== DESCRIPTION OF THE TASK ==
In the entries that follow, find the line containing "Answer yes or no. Yes. Is Dark Salmon"; from there, copy every line exactly through the line containing "Answer yes or no. Yes. Is Medium Orchid greater".

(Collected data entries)
-=-=-

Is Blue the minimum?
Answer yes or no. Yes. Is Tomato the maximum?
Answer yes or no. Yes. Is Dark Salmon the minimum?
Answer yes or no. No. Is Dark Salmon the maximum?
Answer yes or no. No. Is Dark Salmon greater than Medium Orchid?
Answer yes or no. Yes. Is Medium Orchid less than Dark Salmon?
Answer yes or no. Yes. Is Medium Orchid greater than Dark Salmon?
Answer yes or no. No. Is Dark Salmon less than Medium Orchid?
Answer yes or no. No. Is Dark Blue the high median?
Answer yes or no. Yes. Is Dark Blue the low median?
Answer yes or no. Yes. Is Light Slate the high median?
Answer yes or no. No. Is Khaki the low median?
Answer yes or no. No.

-=-=-

== FINAL ANSWER ==
Answer yes or no. Yes. Is Dark Salmon the minimum?
Answer yes or no. No. Is Dark Salmon the maximum?
Answer yes or no. No. Is Dark Salmon greater than Medium Orchid?
Answer yes or no. Yes. Is Medium Orchid less than Dark Salmon?
Answer yes or no. Yes. Is Medium Orchid greater than Dark Salmon?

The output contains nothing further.